Saving money in the fast-paced UAE lifestyle can be a struggle. Rents are amongst some of the highest in the world, and the cost of living has spiraled over the last decade. That said, with tax free salaries and a sensible approach to your money, it is possible to start saving for future investments like education, weddings, getting on the property ladder or eventual retirement. As a general rule, try to save at least 10-20% of your monthly income each month.
Standard savings accounts generally offer a very low rate of around 0.25% interest, but banks will set up high yield Saver Accounts as long as you meet several criteria. You’ll need to ensure your account has a minimum balance of at least AED 3,000 while some will ask for as much as AED 50,000. Banks will then offer you premiums of 2.25% and above but the more flexible the account, the less interest you’ll be offered. There may well be limits on how often – if at all – you can withdraw from the account, and penalties if you don’t follow through with your payment schedule or dip below the minimum balance.

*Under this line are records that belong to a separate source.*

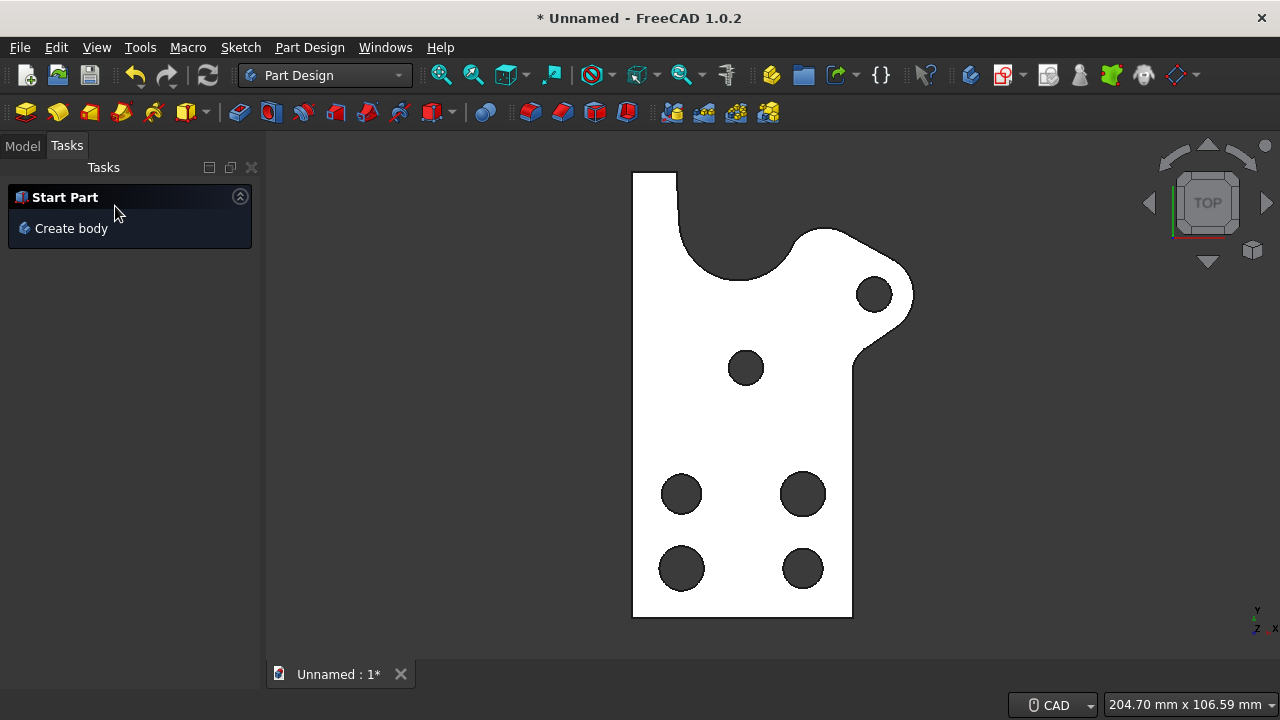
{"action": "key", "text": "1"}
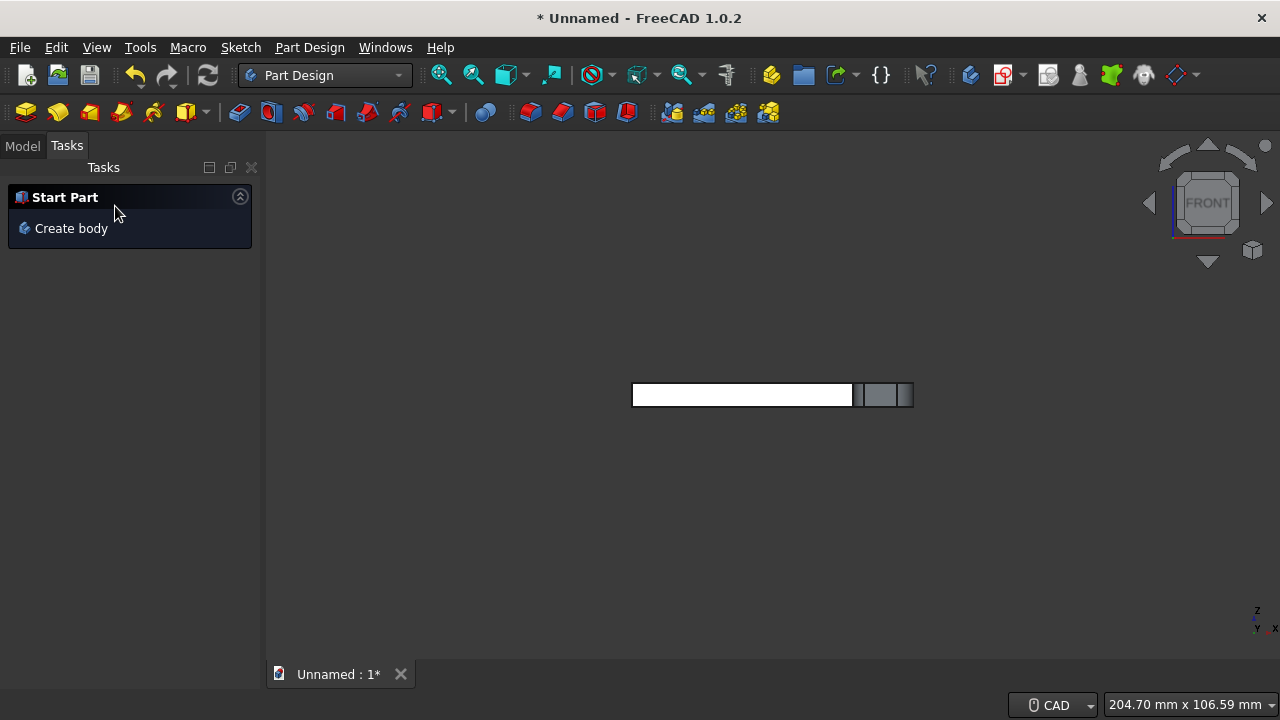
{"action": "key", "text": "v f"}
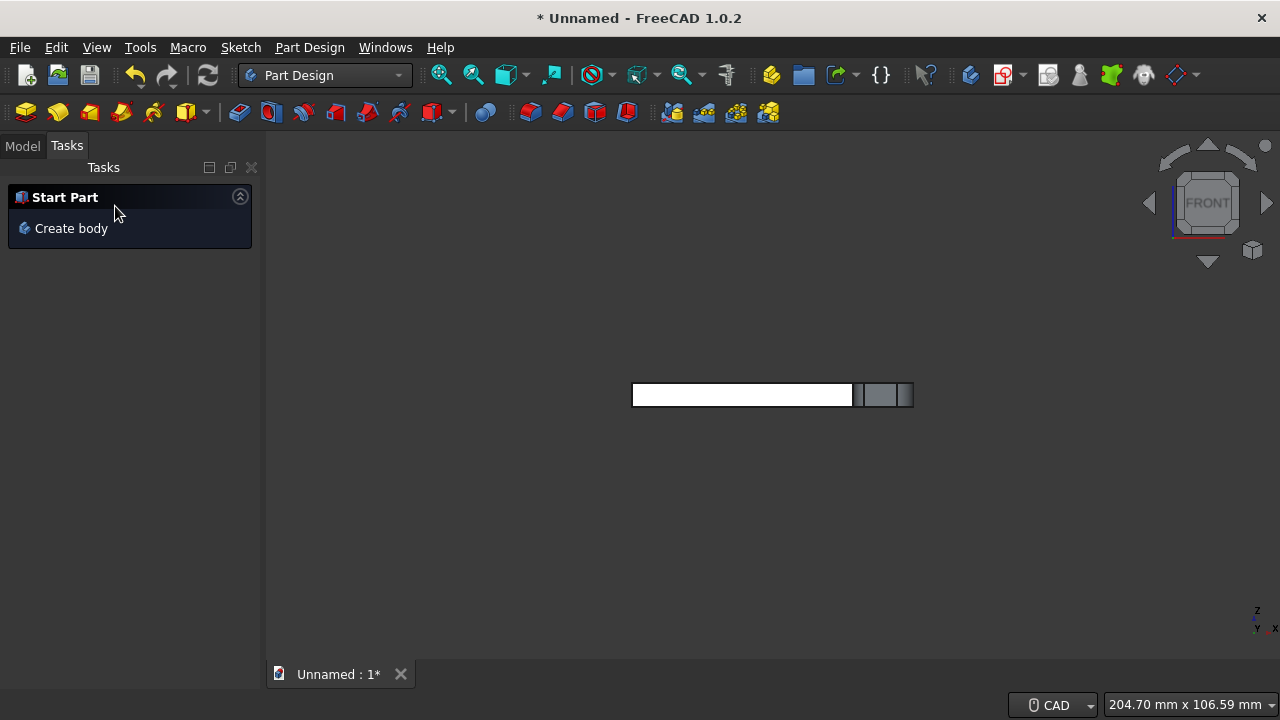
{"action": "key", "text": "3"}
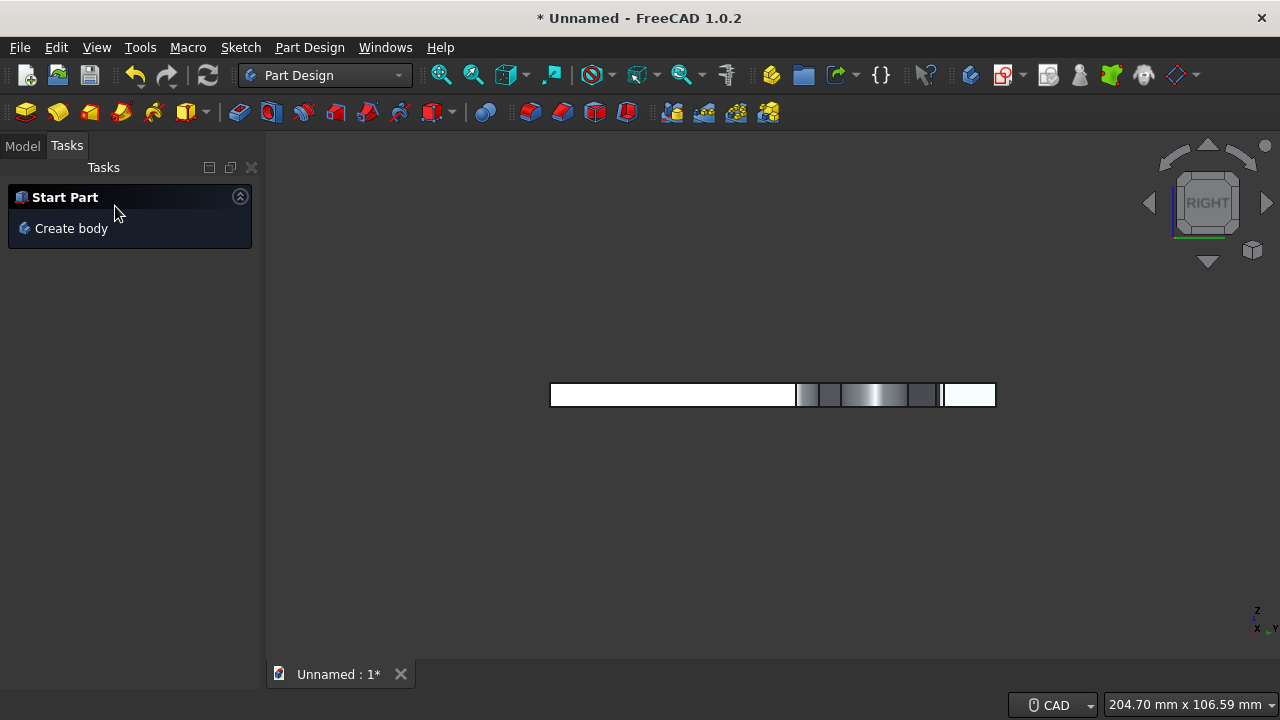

Contributions can be made on a monthly, quarterly or annual basis, as well as in the form of a single payment. The earlier you start saving, the higher the compound interest, and therefore the greater the investment. End payments can then be collected in a lump sum, or if you’re saving for higher education, spread across a three-four year period to pay for tuition fees.
Before signing up for a savings account, think about where you might be living in a few years? Perhaps a portable bank account would be better for your needs, or an offshore account.
As always, before deciding on which savings account to opt for, compare all of the options available to you.